Appeal from the United States District Court for the Western District of Texas. D.C. DOCKET NUMBER EP-92-CR-55-19. JUDGE Harry Lee Hudspeth
Before Politz, Chief Judge, Wiener, and DeMOSS, Circuit Judges.
Manuel Vasquez was found guilty by a jury of conspiracy to possess with intent to distribute more than five kilograms of cocaine and conspiracy to import more than five kilograms of cocaine. Vasquez was sentenced to concurrent imprisonment terms of 300 months on each count to be followed by concurrent terms of five years supervised release.
Prior to trial, the Government filed a motion for a conflict-of-interest hearing. During the hearing, the Government requested that defense counsel, Robert Ramos, be disqualified from representing Vasquez because counsel was also representing a potential witness in the case, George Lore. The district court granted the motion to disqualify Ramos from representing Vasquez.
Vasquez argues on appeal that the district court abused its discretion in disqualifying Ramos because it relied on the unsubstantiated and contradicted representations of the Government. Vasquez also argues that a defendant can validly waive his right to be free from a conflict of interest.
"While the right to select and be represented by one's preferred attorney is comprehended by the Sixth Amendment, the essential aim of the Amendment is to guarantee an effective advocate for each criminal defendant rather than to ensure that a defendant will inexorably be represented by the lawyer whom he prefers." Wheat v. United States, 486 U.S. 153, 159, 108 S. Ct. 1692, 100 L. Ed. 2d 140 (1988) (citation omitted). A district court faced with a possible conflict must ascertain whether the conflict warrants separate counsel. Id. at 160. The district court may refuse to accept a defendant's waiver of the conflict issue because it has "an independent interest in ensuring that criminal trials are conducted within the ethical standards of the profession and that legal proceedings appear fair to all who observe them." Id.
Thus, a district court is "allowed substantial latitude in refusing waivers of conflicts of interest" not only if an actual conflict is demonstrated, but in cases where a potential for conflict exists which may result in an actual conflict as the trial progresses. Id. at 163. A "District Court must recognize a presumption in favor of petitioner's counsel of choice, but that presumption may be overcome not only by a demonstration of actual conflict but by a showing of a serious potential for conflict." Id. at 164. The district court's determination of the conflict issue is reviewed for an abuse of discretion. United States v. Reeves, 892 F.2d 1223, 1227 (5th Cir. 1990).

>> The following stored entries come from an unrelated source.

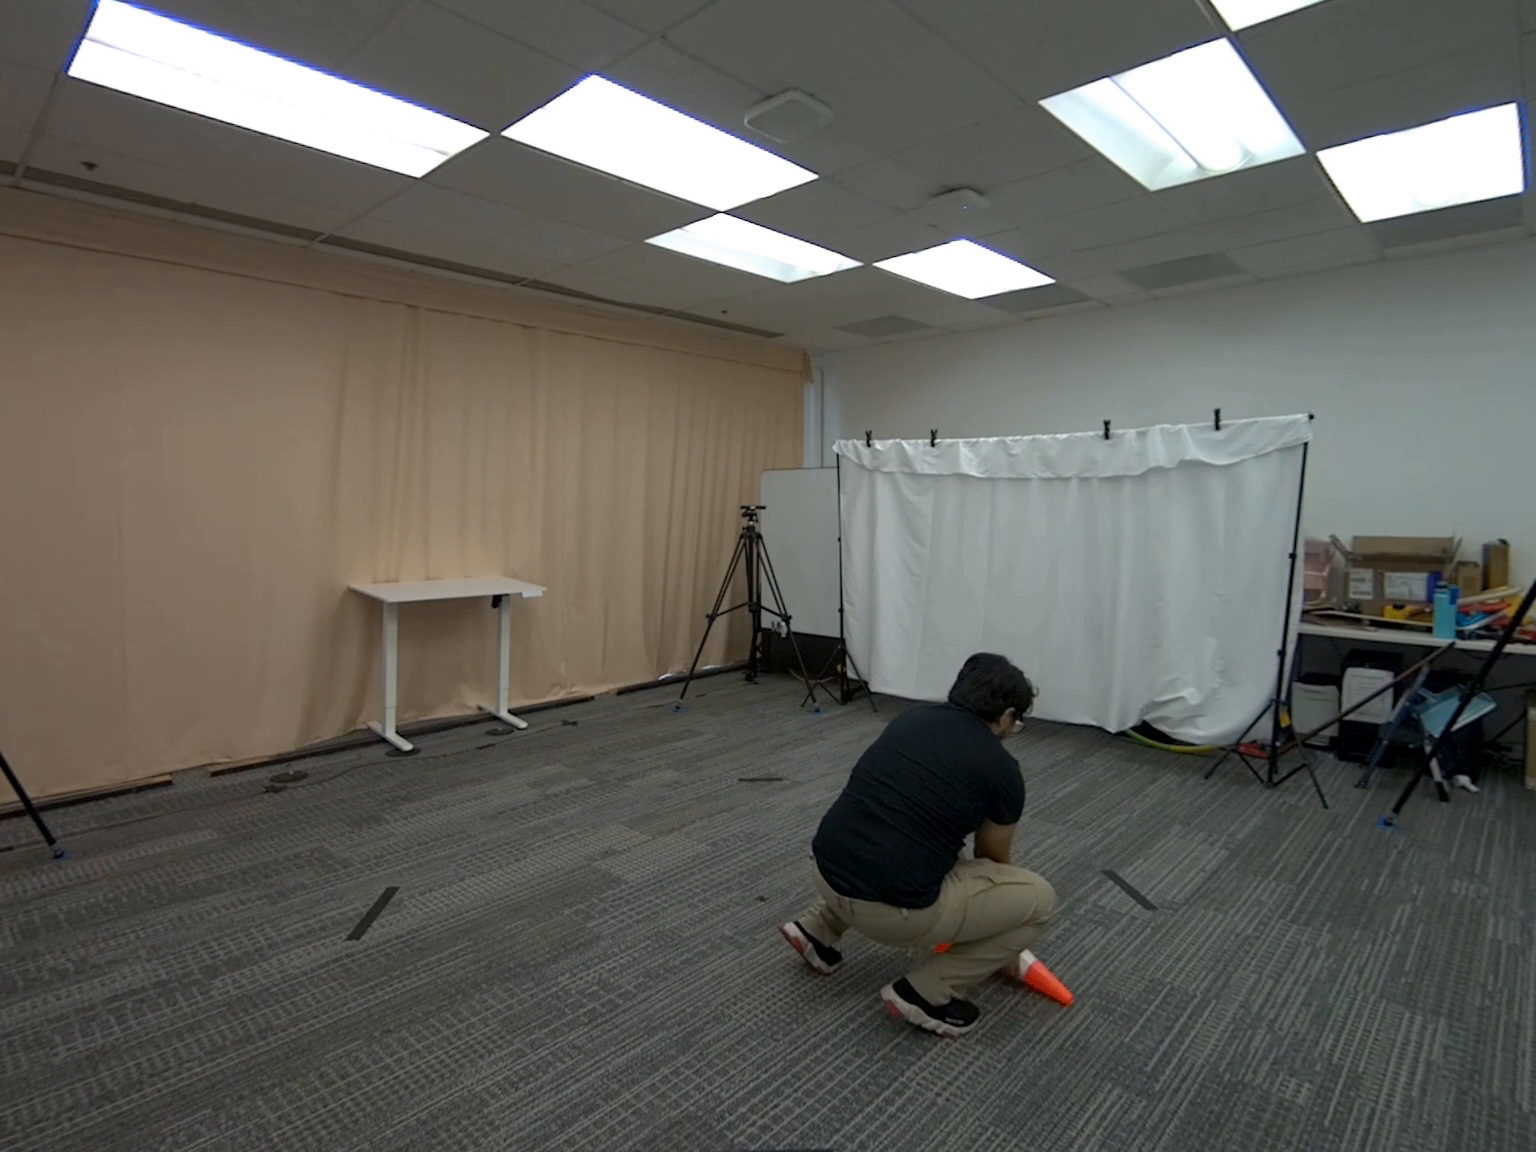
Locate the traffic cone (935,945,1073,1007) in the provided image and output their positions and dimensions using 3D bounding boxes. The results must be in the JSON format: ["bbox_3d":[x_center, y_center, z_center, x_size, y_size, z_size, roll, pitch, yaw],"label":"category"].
[{"bbox_3d":[0.733,1.137,2.477,0.197,0.203,0.398,-3,19,-37],"label":"traffic cone"}]
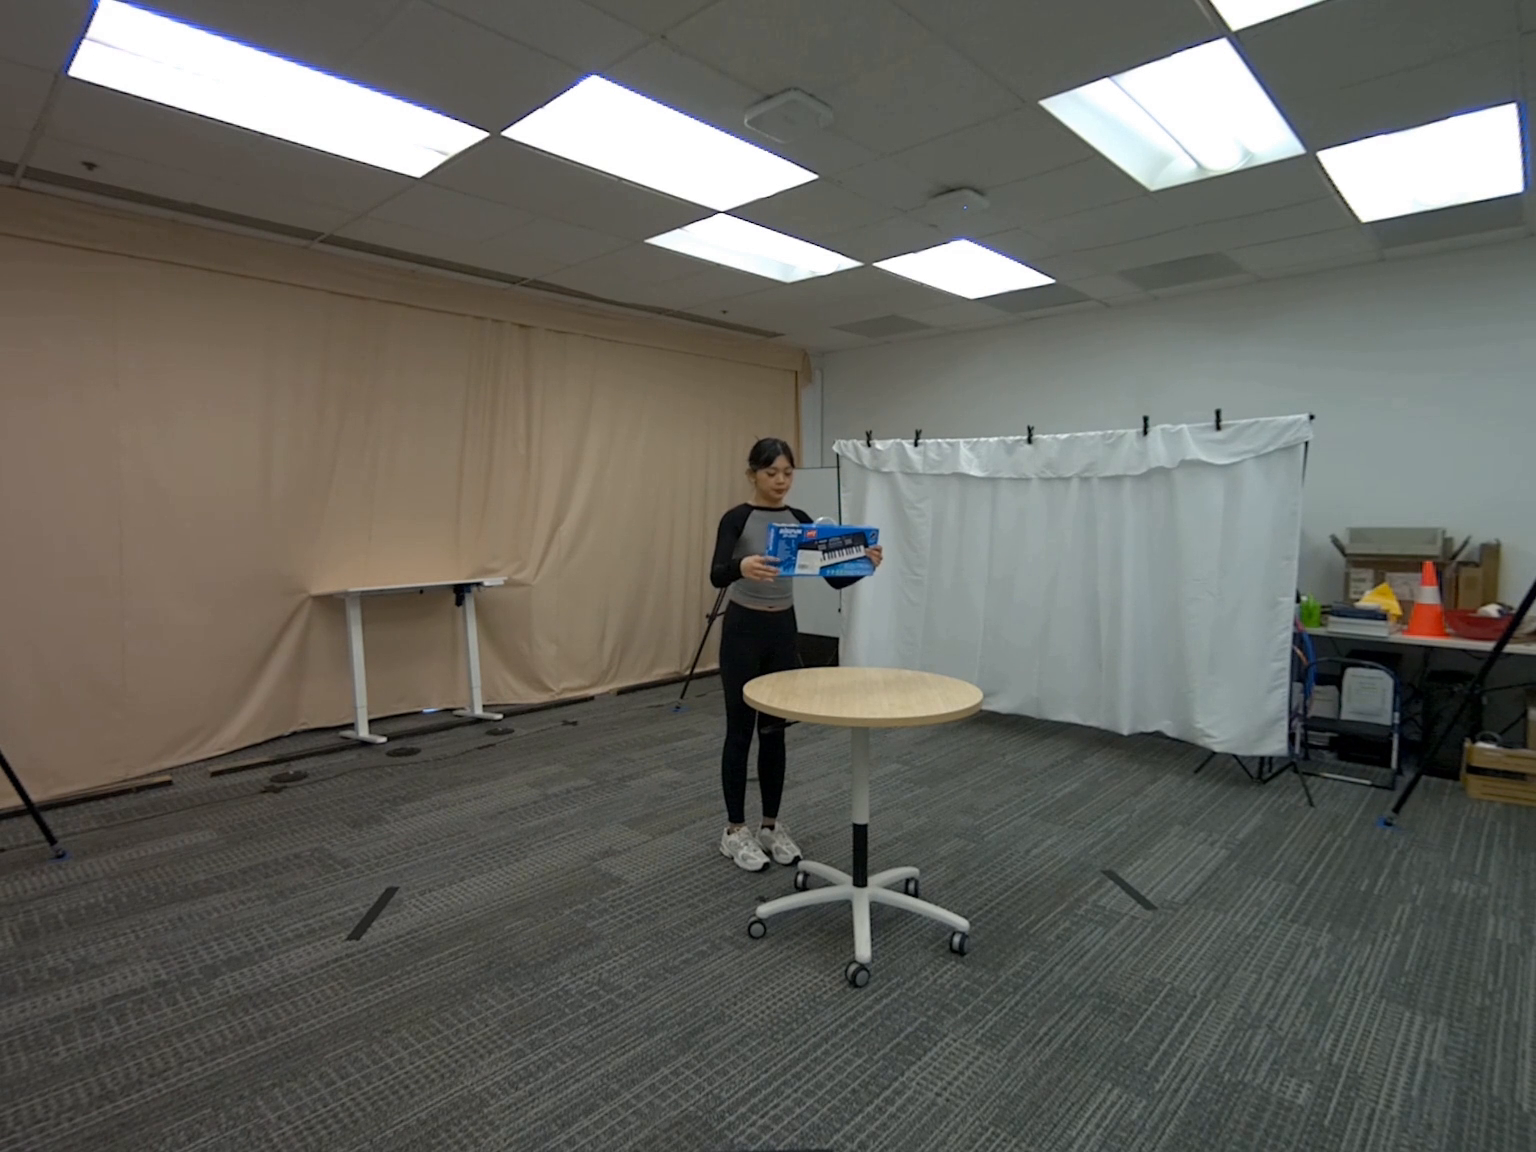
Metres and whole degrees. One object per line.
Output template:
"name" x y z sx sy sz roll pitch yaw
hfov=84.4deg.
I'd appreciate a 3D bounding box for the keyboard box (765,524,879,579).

The Government advised the district court that George Lore had provided the prosecution with physical evidence and other information that might be useful in the case against Vasquez.
Ramos acknowledged that he was representing Lore in a criminal proceeding pending in New Mexico, which involved the structuring of financial transactions to avoid reporting requirements. Ramos stated that he had accompanied Lore to sessions with the United States Attorney regarding Lore's knowledge of Vasquez's activity in the drug case, but Ramos contended that the prosecutor indicated to him that Lore's testimony would not be useful to the prosecution. Ramos stated that he did not believe that a conflict of interest existed because Lore's testimony would be limited to the undisputed fact that Vasquez knew some of the codefendants and had business dealings with them. Ramos also related that Lore and Vasquez had no problem with his joint representation of their interests.
In response to Ramos's remarks, the prosecutor stated that he had met with Lore and Ramos that day and that Lore indicated that he would testify that Vasquez had used cocaine along with other defendants in the case. The prosecutor also advised the district court that Lore had provided him with information concerning the whereabouts of an eyewitness that could implicate Vasquez and with a letter explaining why incriminating business records of the codefendants were found in Vasquez's house. The prosecutor also argued that Ramos could not effectively cross-examine Lore without violating the attorney-client privilege. Ramos denied that Lore had stated that he observed Vasquez using cocaine and argued that the additional information that Lore offered would not incriminate Vasquez.
Although the value of Lore's assistance to the prosecution was disputed, defense counsel did not contest the facts that counsel was representing Lore in another criminal proceeding and that Lore was cooperating with the Government in Vasquez's criminal case. The Government's contention that a conflict of interest would arise if Ramos was required to cross-examine Lore during the trial was a valid and significant concern. Because the Government demonstrated that there was a serious potential for a conflict of interest which could impair the effectiveness of counsel's representation, the district court did not abuse its discretion in disqualifying Vasquez's counsel.